§ Source material:
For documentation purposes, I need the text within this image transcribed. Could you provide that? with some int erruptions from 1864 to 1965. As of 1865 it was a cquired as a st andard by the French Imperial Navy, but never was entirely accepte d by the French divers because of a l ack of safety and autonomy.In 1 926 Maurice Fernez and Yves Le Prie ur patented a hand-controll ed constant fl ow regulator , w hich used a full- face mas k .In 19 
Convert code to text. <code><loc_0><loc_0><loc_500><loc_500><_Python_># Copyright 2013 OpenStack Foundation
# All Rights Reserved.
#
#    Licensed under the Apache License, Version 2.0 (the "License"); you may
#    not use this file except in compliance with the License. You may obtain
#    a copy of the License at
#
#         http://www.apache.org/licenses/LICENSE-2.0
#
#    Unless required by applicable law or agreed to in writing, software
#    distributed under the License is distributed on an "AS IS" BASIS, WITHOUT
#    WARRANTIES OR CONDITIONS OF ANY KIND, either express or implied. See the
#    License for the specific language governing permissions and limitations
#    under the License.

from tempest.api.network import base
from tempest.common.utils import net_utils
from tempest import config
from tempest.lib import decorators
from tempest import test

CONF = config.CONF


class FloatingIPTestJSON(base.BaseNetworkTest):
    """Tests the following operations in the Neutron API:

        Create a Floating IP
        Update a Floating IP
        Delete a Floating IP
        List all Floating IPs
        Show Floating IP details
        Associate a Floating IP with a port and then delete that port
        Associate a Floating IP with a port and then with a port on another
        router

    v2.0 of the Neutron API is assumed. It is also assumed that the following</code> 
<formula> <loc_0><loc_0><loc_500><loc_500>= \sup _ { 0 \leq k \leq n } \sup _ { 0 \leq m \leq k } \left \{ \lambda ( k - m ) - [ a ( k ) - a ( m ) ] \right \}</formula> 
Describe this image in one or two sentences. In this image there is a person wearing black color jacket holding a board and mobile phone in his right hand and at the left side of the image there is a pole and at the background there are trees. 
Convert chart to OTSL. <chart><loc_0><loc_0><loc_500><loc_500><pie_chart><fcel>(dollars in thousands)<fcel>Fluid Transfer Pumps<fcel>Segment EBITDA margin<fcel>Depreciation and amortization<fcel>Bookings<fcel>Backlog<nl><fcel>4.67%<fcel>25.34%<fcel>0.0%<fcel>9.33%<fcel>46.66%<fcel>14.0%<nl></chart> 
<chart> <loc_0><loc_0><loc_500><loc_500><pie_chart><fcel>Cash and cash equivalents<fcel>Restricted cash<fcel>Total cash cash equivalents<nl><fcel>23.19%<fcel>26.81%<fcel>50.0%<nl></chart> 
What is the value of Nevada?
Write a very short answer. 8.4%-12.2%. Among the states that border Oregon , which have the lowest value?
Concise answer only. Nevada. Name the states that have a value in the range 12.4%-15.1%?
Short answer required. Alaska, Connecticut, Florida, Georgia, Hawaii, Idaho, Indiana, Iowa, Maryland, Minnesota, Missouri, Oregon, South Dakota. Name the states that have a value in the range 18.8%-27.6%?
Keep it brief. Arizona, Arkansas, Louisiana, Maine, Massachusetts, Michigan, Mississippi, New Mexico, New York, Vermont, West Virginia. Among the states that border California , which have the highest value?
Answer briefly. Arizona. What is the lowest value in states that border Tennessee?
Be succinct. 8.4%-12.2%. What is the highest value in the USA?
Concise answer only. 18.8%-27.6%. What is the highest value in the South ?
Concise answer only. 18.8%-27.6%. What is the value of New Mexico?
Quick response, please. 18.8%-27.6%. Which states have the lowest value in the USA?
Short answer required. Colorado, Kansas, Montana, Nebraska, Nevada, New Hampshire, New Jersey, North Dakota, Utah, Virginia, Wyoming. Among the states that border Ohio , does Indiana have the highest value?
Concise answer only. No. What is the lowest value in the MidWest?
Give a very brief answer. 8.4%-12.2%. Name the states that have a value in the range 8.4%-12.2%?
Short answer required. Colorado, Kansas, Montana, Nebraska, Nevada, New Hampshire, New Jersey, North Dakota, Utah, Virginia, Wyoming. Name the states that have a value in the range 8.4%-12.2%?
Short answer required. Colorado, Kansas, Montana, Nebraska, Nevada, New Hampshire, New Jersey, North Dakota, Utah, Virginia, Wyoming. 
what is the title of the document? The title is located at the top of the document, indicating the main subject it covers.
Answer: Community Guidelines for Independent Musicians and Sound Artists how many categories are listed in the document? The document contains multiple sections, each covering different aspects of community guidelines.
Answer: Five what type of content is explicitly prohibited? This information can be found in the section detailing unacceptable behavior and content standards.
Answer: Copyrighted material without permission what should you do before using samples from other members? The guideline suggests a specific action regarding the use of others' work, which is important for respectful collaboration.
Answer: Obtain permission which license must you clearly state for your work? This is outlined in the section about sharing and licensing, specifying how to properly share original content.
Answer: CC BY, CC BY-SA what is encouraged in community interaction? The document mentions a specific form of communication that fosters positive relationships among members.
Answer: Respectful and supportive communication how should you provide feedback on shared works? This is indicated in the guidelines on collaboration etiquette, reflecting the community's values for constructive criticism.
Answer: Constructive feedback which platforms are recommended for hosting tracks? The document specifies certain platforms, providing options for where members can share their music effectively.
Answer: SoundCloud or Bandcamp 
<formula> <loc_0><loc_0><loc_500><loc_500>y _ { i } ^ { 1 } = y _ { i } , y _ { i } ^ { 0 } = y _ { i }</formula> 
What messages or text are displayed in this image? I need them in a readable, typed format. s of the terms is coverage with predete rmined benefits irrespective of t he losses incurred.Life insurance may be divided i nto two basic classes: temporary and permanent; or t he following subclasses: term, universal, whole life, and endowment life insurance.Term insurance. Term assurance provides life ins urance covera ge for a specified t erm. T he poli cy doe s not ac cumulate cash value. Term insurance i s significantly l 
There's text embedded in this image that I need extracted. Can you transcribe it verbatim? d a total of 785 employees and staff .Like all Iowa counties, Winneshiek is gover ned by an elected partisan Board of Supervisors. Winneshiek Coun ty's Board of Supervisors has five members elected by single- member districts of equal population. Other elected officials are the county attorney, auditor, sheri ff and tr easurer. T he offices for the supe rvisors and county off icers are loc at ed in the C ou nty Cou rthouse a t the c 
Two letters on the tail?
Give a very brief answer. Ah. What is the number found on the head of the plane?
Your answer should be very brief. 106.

§ Work item: Reproduce the listing word for word from its first line up to and including the line with "Delete a Floating IP". Give no other lines.

§ Your response:
For documentation purposes, I need the text within this image transcribed. Could you provide that? with some int erruptions from 1864 to 1965. As of 1865 it was a cquired as a st andard by the French Imperial Navy, but never was entirely accepte d by the French divers because of a l ack of safety and autonomy.In 1 926 Maurice Fernez and Yves Le Prie ur patented a hand-controll ed constant fl ow regulator , w hich used a full- face mas k .In 19 
Convert code to text. <code><loc_0><loc_0><loc_500><loc_500><_Python_># Copyright 2013 OpenStack Foundation
# All Rights Reserved.
#
#    Licensed under the Apache License, Version 2.0 (the "License"); you may
#    not use this file except in compliance with the License. You may obtain
#    a copy of the License at
#
#         http://www.apache.org/licenses/LICENSE-2.0
#
#    Unless required by applicable law or agreed to in writing, software
#    distributed under the License is distributed on an "AS IS" BASIS, WITHOUT
#    WARRANTIES OR CONDITIONS OF ANY KIND, either express or implied. See the
#    License for the specific language governing permissions and limitations
#    under the License.

from tempest.api.network import base
from tempest.common.utils import net_utils
from tempest import config
from tempest.lib import decorators
from tempest import test

CONF = config.CONF


class FloatingIPTestJSON(base.BaseNetworkTest):
    """Tests the following operations in the Neutron API:

        Create a Floating IP
        Update a Floating IP
        Delete a Floating IP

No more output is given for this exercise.